Senate Minority Leader Tom Daschle (D-S.D.) said he would make it a top priority for the remainder of this legislation session to relieve "the extraordinary financial agony and pain" from the premium increase (CQ Today, 9/8). Sen. Barbara Boxer (D-Calif.) said the new Medicare law "is a transfer of money from the pockets of our grandmothers and grandfathers to the pockets of the drug companies and the HMOs" (CongressDaily, 9/8).
Republicans called the Democrats' complaints "political grandstanding" and said they should instead focus on lowering health care costs by limiting awards in medical malpractice lawsuits, CQ Today reports.

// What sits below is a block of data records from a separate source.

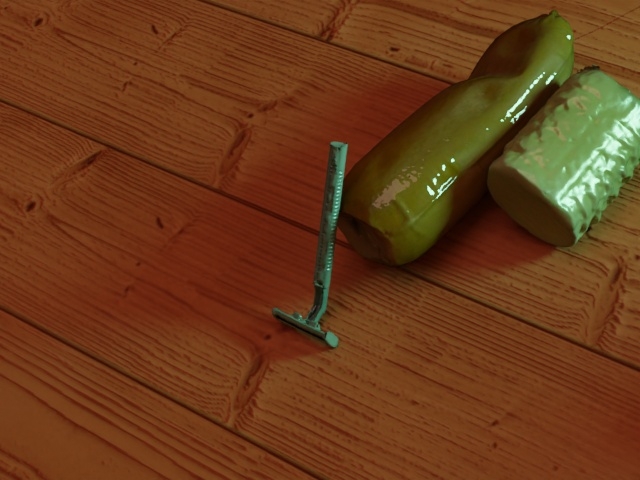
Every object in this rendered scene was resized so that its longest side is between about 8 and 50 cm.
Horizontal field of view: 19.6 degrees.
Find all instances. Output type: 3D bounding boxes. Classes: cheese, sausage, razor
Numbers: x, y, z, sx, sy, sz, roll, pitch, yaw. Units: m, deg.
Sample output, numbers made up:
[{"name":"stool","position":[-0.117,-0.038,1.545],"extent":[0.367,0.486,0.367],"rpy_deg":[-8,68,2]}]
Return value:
[{"name":"cheese","position":[0.263,-0.087,1.922],"extent":[0.123,0.094,0.167],"rpy_deg":[41,69,1]},{"name":"sausage","position":[0.161,-0.117,1.987],"extent":[0.354,0.116,0.134],"rpy_deg":[-44,17,-19]},{"name":"razor","position":[0.005,-0.001,1.918],"extent":[0.084,0.211,0.036],"rpy_deg":[24,19,39]}]
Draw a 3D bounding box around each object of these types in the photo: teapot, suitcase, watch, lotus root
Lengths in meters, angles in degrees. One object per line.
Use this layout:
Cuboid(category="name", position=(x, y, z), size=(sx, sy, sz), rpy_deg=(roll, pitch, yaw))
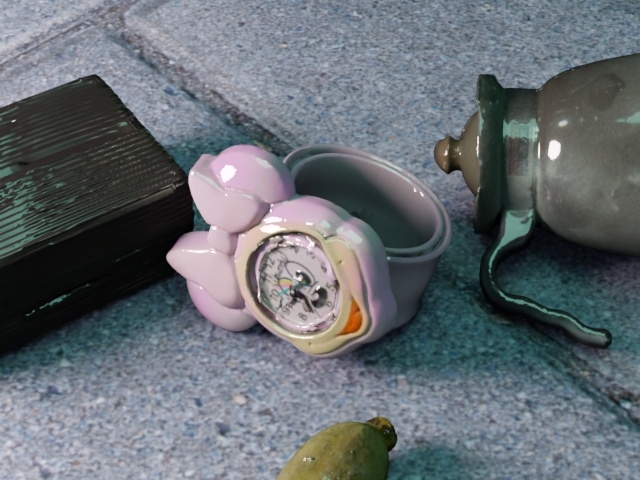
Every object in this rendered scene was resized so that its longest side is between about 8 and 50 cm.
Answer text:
Cuboid(category="teapot", position=(0.265, -0.055, 1.454), size=(0.285, 0.305, 0.223), rpy_deg=(2, 10, 9))
Cuboid(category="suitcase", position=(-0.320, -0.022, 1.386), size=(0.335, 0.152, 0.229), rpy_deg=(-26, 54, -24))
Cuboid(category="watch", position=(0.000, 0.000, 1.384), size=(0.248, 0.211, 0.217), rpy_deg=(31, 35, 14))
Cuboid(category="lotus root", position=(0.010, 0.223, 1.223), size=(0.090, 0.077, 0.183), rpy_deg=(28, 52, 22))
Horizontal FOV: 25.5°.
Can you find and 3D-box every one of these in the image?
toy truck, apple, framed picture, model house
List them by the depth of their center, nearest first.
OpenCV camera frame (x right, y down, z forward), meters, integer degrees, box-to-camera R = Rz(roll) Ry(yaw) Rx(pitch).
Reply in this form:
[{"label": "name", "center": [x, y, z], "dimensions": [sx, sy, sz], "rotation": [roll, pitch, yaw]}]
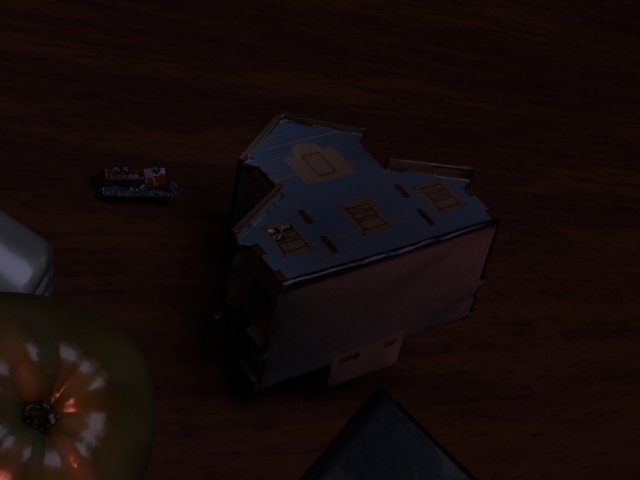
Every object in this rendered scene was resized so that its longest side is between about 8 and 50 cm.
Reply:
[{"label": "apple", "center": [-0.199, 0.124, 0.944], "dimensions": [0.200, 0.200, 0.200], "rotation": [26, 39, -23]}, {"label": "framed picture", "center": [0.119, 0.309, 1.216], "dimensions": [0.347, 0.016, 0.265], "rotation": [45, 36, 3]}, {"label": "model house", "center": [0.000, 0.000, 1.278], "dimensions": [0.271, 0.178, 0.206], "rotation": [-19, 50, -28]}, {"label": "toy truck", "center": [-0.169, -0.053, 1.292], "dimensions": [0.083, 0.024, 0.032], "rotation": [-3, 79, -44]}]

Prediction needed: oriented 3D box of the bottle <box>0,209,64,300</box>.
[{"label": "bottle", "center": [-0.280, 0.009, 1.051], "dimensions": [0.245, 0.104, 0.104], "rotation": [36, 36, -11]}]

Republican National Committee Communications Director Jim Dyke said, "These flailing Democrat attacks do nothing to change the fact" that Democratic presidential nominee Sen. John Kerry (Mass.) "has repeatedly opposed efforts to limit the medical liability lawsuits that raise health care costs" (CQ Today, 9/8).

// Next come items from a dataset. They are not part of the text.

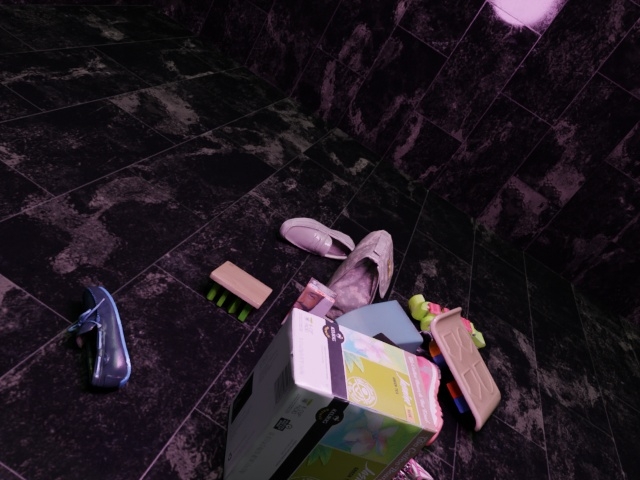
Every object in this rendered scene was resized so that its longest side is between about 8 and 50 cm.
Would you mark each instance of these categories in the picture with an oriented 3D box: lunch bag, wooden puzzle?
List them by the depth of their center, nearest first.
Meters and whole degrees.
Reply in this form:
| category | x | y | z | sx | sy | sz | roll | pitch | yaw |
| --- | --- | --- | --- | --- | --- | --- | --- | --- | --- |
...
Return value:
| category | x | y | z | sx | sy | sz | roll | pitch | yaw |
| --- | --- | --- | --- | --- | --- | --- | --- | --- | --- |
| wooden puzzle | 0.448 | 0.398 | 1.756 | 0.322 | 0.080 | 0.347 | 1 | 65 | -62 |
| lunch bag | 0.135 | 0.119 | 1.774 | 0.169 | 0.287 | 0.235 | 34 | 27 | 2 |

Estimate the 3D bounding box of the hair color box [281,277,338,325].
| category | x | y | z | sx | sy | sz | roll | pitch | yaw |
| --- | --- | --- | --- | --- | --- | --- | --- | --- | --- |
| hair color box | -0.032 | 0.200 | 1.597 | 0.093 | 0.167 | 0.053 | 33 | 28 | 1 |

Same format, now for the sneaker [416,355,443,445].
| category | x | y | z | sx | sy | sz | roll | pitch | yaw |
| --- | --- | --- | --- | --- | --- | --- | --- | --- | --- |
| sneaker | 0.267 | 0.432 | 1.597 | 0.136 | 0.116 | 0.314 | 25 | 28 | -9 |

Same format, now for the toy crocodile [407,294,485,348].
| category | x | y | z | sx | sy | sz | roll | pitch | yaw |
| --- | --- | --- | --- | --- | --- | --- | --- | --- | --- |
| toy crocodile | 0.461 | 0.299 | 2.019 | 0.341 | 0.105 | 0.115 | 27 | 28 | -12 |

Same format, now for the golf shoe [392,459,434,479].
| category | x | y | z | sx | sy | sz | roll | pitch | yaw |
| --- | --- | --- | --- | --- | --- | --- | --- | --- | --- |
| golf shoe | 0.220 | 0.582 | 1.377 | 0.186 | 0.067 | 0.086 | 40 | -3 | 22 |

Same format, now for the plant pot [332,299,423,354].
| category | x | y | z | sx | sy | sz | roll | pitch | yaw |
| --- | --- | --- | --- | --- | --- | --- | --- | --- | --- |
| plant pot | 0.141 | 0.295 | 1.638 | 0.234 | 0.165 | 0.165 | 1 | 41 | -35 |

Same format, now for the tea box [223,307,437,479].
| category | x | y | z | sx | sy | sz | roll | pitch | yaw |
| --- | --- | --- | --- | --- | --- | --- | --- | --- | --- |
| tea box | 0.010 | 0.375 | 1.187 | 0.324 | 0.329 | 0.220 | 22 | 29 | -18 |

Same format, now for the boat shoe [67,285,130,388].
| category | x | y | z | sx | sy | sz | roll | pitch | yaw |
| --- | --- | --- | --- | --- | --- | --- | --- | --- | --- |
| boat shoe | -0.485 | 0.199 | 1.198 | 0.089 | 0.109 | 0.258 | 1 | 39 | -40 |

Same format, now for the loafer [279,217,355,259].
| category | x | y | z | sx | sy | sz | roll | pitch | yaw |
| --- | --- | --- | --- | --- | --- | --- | --- | --- | --- |
| loafer | 0.000 | 0.000 | 2.012 | 0.319 | 0.112 | 0.111 | 14 | 25 | -33 |

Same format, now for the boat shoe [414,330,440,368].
| category | x | y | z | sx | sy | sz | roll | pitch | yaw |
| --- | --- | --- | --- | --- | --- | --- | --- | --- | --- |
| boat shoe | 0.345 | 0.347 | 1.824 | 0.301 | 0.102 | 0.108 | 13 | 34 | -33 |

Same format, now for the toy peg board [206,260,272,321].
| category | x | y | z | sx | sy | sz | roll | pitch | yaw |
| --- | --- | --- | --- | --- | --- | --- | --- | --- | --- |
| toy peg board | -0.240 | 0.149 | 1.584 | 0.161 | 0.079 | 0.160 | 34 | 12 | 0 |

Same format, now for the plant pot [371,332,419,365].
| category | x | y | z | sx | sy | sz | roll | pitch | yaw |
| --- | --- | --- | --- | --- | --- | --- | --- | --- | --- |
| plant pot | 0.136 | 0.377 | 1.435 | 0.167 | 0.188 | 0.187 | -12 | 21 | -23 |
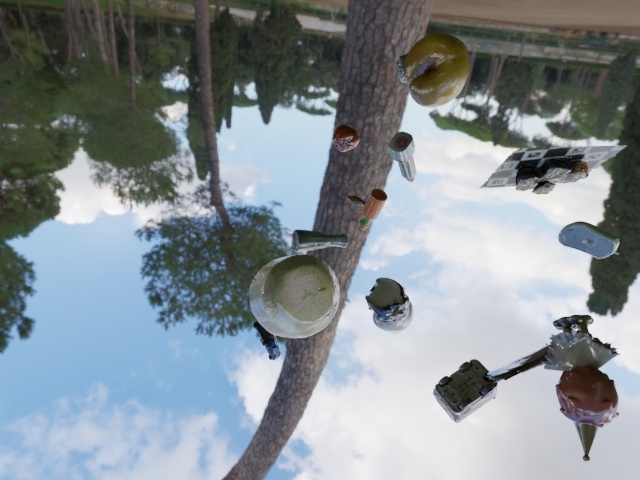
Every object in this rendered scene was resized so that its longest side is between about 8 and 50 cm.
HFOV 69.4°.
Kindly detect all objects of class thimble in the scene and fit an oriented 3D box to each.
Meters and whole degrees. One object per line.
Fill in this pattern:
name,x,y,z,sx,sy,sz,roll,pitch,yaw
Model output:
thimble,0.372,-0.688,1.831,0.135,0.090,0.118,-14,175,-1

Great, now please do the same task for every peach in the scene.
peach,0.406,-0.595,1.618,0.153,0.250,0.251,-14,-148,-31

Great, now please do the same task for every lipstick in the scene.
lipstick,0.230,-0.211,1.251,0.057,0.186,0.063,31,-103,30

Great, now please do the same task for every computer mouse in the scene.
computer mouse,0.785,-0.006,1.350,0.182,0.089,0.056,23,-139,1

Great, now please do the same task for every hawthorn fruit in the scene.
hawthorn fruit,0.079,-0.333,1.521,0.093,0.092,0.093,6,-155,-3

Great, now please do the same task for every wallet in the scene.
wallet,0.665,0.408,1.523,0.256,0.031,0.137,-24,174,-2

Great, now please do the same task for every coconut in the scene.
coconut,-0.073,0.137,1.169,0.225,0.223,0.234,-1,178,-19

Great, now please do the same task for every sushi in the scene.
sushi,0.447,-0.125,0.905,0.211,0.039,0.192,-3,165,-1

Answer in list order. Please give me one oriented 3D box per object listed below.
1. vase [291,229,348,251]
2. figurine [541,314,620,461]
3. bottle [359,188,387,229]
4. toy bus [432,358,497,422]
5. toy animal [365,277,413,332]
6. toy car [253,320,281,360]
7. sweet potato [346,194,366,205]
vase,0.000,0.000,1.802,0.214,0.086,0.086,0,-155,-22
figurine,0.726,0.391,1.261,0.166,0.207,0.386,30,-130,-33
bottle,0.193,-0.112,1.765,0.069,0.187,0.069,11,-132,-12
toy bus,0.516,0.534,1.647,0.203,0.142,0.142,-30,-132,-12
toy animal,0.324,0.309,2.176,0.213,0.266,0.212,-9,-129,11
toy car,-0.217,0.400,1.892,0.063,0.103,0.216,-27,-147,-12
sweet potato,0.147,-0.158,1.850,0.095,0.034,0.034,22,-153,13
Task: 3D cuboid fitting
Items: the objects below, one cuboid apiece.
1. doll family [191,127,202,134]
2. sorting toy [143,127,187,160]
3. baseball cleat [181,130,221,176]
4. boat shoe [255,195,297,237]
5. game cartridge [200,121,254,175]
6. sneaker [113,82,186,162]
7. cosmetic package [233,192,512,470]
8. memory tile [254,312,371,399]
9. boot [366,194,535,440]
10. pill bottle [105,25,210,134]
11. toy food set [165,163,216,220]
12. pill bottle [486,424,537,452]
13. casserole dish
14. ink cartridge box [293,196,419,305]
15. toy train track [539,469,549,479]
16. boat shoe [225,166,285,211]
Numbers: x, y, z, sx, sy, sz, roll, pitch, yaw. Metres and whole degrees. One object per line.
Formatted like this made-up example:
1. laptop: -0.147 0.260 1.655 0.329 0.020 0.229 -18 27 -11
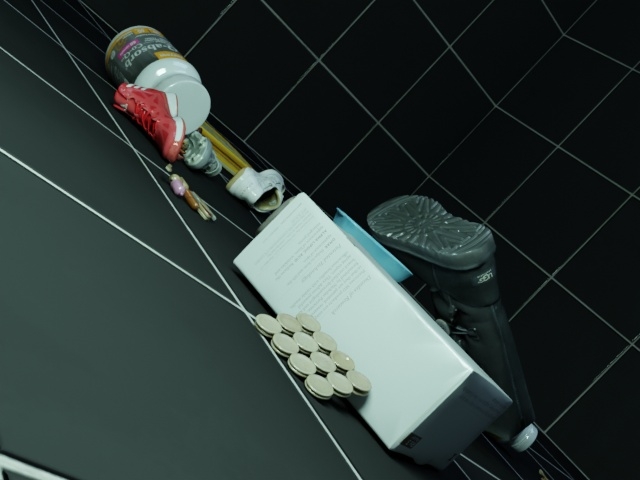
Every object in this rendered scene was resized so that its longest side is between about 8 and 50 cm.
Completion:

Also at Wednesday's press conference, Democrats said that former CMS Administrator Tom Scully should pay back part of his salary, as recommended by the Government Accountability Office. Stabenow said, "He in fact broke the law, and I think he should follow the recommendations" of GAO (CongressDaily, 9/8). In a formal legal opinion issued Tuesday, GAO said that Scully should have to repay about half of his $145,600 salary for last year because he improperly ordered Medicare's chief actuary to withhold from Congress information about the cost of the new Medicare law. Earlier this year, chief Medicare actuary Richard Foster said that Scully prevented him from informing Congress of cost estimates for the Medicare legislation. According to Office of Management and Budget estimates released after Congress passed the legislation, the Medicare law is projected to cost $534 billion over the next 10 years -- $134 billion more than was estimated by the Congressional Budget Office.

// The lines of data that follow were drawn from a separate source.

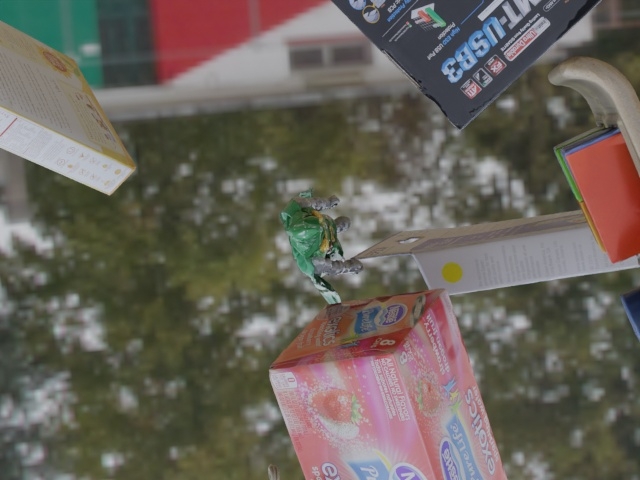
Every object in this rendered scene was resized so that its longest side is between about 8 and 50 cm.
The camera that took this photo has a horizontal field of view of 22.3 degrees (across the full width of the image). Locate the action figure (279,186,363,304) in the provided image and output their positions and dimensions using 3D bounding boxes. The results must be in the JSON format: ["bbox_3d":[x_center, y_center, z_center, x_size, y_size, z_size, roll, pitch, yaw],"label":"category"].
[{"bbox_3d":[0.000,0.000,1.599,0.063,0.137,0.232,-18,174,7],"label":"action figure"}]

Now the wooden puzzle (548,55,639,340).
[{"bbox_3d":[0.262,0.020,1.271,0.080,0.348,0.322,-29,-179,7],"label":"wooden puzzle"}]

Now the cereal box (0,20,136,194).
[{"bbox_3d":[-0.295,-0.146,1.526,0.240,0.047,0.173,26,-154,-51],"label":"cereal box"}]

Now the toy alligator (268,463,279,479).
[{"bbox_3d":[-0.019,0.285,1.536,0.051,0.189,0.056,-8,-148,-9],"label":"toy alligator"}]

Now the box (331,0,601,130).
[{"bbox_3d":[0.122,-0.293,1.431,0.295,0.293,0.073,-44,-176,39],"label":"box"}]

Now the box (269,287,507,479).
[{"bbox_3d":[0.080,0.217,1.604,0.142,0.300,0.154,-9,-162,29],"label":"box"}]

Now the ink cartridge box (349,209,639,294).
[{"bbox_3d":[0.216,0.012,1.855,0.307,0.072,0.303,-10,-177,15],"label":"ink cartridge box"}]
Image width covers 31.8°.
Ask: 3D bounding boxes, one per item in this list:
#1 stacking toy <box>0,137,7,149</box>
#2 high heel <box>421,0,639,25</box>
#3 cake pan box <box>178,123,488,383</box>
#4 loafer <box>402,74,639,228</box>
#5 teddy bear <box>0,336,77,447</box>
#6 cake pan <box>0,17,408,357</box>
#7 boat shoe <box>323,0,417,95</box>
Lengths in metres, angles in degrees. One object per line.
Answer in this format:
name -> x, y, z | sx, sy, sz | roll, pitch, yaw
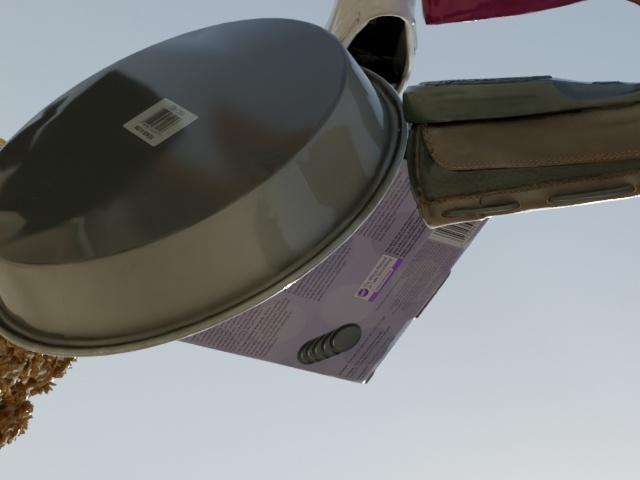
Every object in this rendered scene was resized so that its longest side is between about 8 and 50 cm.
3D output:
stacking toy -> -0.466, -0.095, 1.488 | 0.302, 0.166, 0.175 | 45, -21, 43
high heel -> 0.230, -0.172, 0.843 | 0.127, 0.377, 0.181 | -4, -113, 64
cake pan box -> 0.000, 0.000, 1.004 | 0.267, 0.246, 0.070 | -57, -144, 28
loafer -> 0.174, -0.044, 0.584 | 0.267, 0.096, 0.084 | 3, -80, 24
teddy bear -> -0.233, 0.046, 0.982 | 0.113, 0.338, 0.245 | 26, -19, 18
cake pan -> -0.092, -0.050, 0.701 | 0.293, 0.293, 0.054 | 17, -38, 45
boat shoe -> 0.045, -0.163, 1.080 | 0.267, 0.096, 0.088 | 113, -20, -59

Foster has said that the higher cost projection was known before the final House and Senate votes on the legislation in November but that Scully allegedly told him, "We can't let that get out." In an e-mail to colleagues at CMS, Foster indicated that he believed he might lose his job if he revealed the higher cost estimates. Scully has said that he did not threaten to fire Foster if the higher estimates were released. Scully also said that he "curbed Foster on only one specific request" made by Democrats at the time of the first House vote on the Medicare legislation (California Healthline, 9/8).
Two newspapers on Thursday examined how the Medicare Part B premium increase will affect beneficiaries.
- "Medicare Hike Ruffles Retirees" (La Ganga, Los Angeles Times, 9/9).
- "Iowa Hit Hard by Medicare Increase" (Beaumont, Des Moines Register, 9/9).